== PROBLEM TO SOLVE ==
Going through the material below, output exactly the lines from the one containing "include.text | markdownify" through the one containing "loans receivable<fcel>Other real", and no pictures.

== SUPPLIED MATERIAL ==

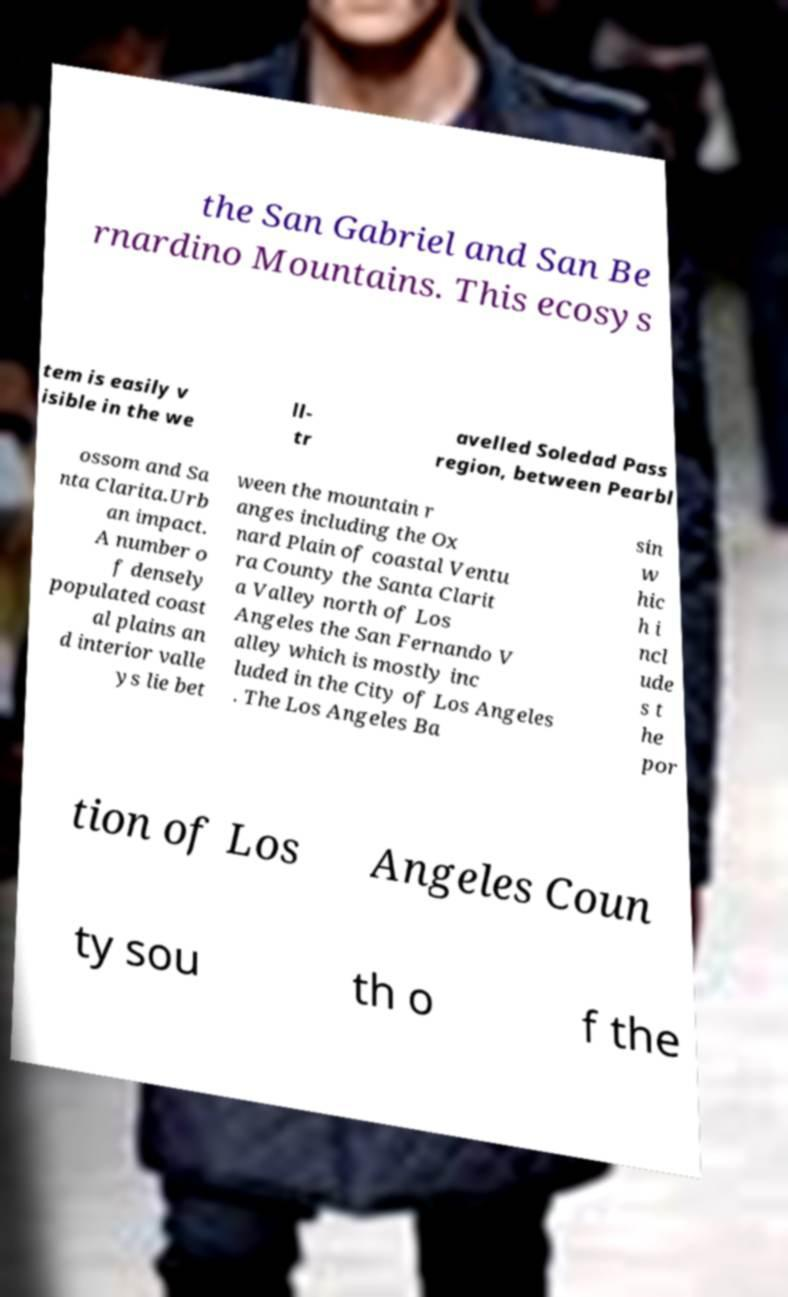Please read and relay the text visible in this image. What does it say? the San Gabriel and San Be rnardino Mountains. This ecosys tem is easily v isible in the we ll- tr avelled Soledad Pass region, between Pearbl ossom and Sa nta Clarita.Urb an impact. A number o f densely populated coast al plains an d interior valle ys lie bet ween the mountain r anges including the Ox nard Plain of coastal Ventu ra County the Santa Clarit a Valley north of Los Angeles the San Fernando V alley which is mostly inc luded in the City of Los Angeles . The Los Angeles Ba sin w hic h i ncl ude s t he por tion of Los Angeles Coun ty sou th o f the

...

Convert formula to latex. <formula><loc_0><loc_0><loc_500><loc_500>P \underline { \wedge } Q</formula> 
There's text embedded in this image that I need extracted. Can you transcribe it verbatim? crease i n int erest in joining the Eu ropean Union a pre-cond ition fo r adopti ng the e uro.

* * *

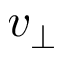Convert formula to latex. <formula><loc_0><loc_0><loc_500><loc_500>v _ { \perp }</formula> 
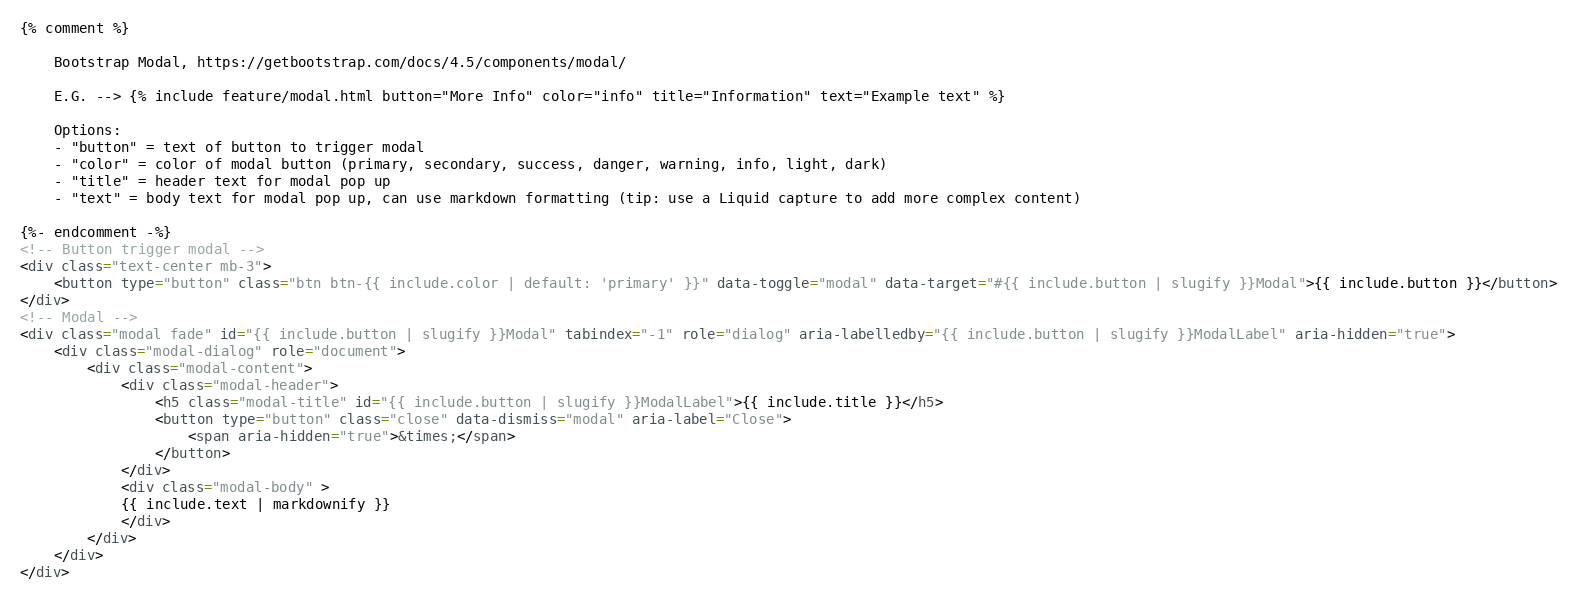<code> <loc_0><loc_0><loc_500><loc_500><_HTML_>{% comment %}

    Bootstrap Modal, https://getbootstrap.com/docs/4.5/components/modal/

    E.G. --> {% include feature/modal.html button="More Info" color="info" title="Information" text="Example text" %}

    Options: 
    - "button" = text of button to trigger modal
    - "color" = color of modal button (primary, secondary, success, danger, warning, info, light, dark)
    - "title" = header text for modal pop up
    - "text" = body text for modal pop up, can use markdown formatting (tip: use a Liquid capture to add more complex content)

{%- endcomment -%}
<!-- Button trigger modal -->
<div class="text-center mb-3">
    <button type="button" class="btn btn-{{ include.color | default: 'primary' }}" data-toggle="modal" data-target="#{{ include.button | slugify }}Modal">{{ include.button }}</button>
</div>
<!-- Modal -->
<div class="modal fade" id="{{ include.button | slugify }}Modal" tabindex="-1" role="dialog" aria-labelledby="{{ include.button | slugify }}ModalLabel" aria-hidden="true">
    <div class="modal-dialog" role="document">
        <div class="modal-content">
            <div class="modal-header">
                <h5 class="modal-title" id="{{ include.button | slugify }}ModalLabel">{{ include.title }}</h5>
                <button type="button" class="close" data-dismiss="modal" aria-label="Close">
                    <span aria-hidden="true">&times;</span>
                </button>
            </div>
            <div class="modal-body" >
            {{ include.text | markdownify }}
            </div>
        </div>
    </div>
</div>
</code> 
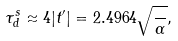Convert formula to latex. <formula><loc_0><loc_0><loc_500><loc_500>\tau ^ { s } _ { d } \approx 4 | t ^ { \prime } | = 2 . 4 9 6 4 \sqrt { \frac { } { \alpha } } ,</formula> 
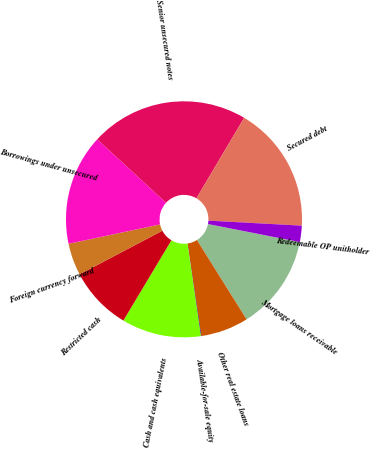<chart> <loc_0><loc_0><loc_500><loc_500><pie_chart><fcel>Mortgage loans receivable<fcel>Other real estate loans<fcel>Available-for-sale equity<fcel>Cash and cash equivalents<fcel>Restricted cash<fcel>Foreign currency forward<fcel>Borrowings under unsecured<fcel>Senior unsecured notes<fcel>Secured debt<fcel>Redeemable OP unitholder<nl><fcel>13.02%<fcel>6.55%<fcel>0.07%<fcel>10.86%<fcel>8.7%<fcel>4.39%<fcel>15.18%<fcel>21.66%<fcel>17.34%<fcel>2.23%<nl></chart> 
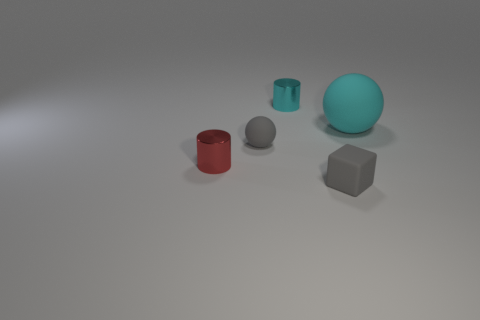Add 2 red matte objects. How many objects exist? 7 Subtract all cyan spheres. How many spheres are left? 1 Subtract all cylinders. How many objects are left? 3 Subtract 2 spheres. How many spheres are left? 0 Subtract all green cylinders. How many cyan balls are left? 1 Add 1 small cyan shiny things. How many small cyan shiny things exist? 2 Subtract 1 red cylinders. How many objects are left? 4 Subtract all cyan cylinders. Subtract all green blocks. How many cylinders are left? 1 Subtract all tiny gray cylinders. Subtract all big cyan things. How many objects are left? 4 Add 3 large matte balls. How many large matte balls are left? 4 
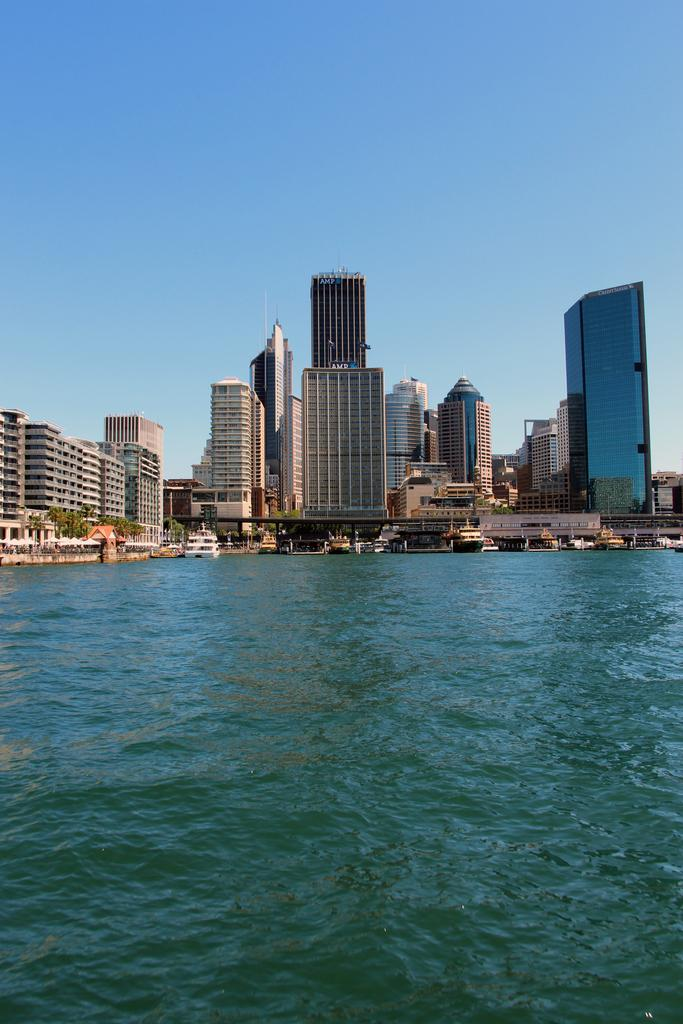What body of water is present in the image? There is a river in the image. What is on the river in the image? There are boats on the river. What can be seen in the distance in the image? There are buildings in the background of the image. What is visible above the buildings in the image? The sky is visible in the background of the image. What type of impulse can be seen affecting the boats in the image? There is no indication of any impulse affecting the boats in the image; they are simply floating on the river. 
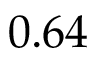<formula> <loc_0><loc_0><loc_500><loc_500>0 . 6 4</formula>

== FINISHED EXERCISE ==
            {{ include.text | markdownify }}
            </div>
        </div>
    </div>
</div>
</code> 
Convert formula to latex. <formula><loc_0><loc_0><loc_500><loc_500>\tau ^ { s } _ { d } \approx 4 | t ^ { \prime } | = 2 . 4 9 6 4 \sqrt { \frac { } { \alpha } } ,</formula> 
<chart> <loc_0><loc_0><loc_500><loc_500><pie_chart><fcel>Mortgage loans receivable<fcel>Other real estate loans<fcel>Available-for-sale equity<fcel>Cash and cash equivalents<fcel>Restricted cash<fcel>Foreign currency forward<fcel>Borrowings under unsecured<fcel>Senior unsecured notes<fcel>Secured debt<fcel>Redeemable OP unitholder<nl><fcel>13.02%<fcel>6.55%<fcel>0.07%<fcel>10.86%<fcel>8.7%<fcel>4.39%<fcel>15.18%<fcel>21.66%<fcel>17.34%<fcel>2.23%<nl></chart> 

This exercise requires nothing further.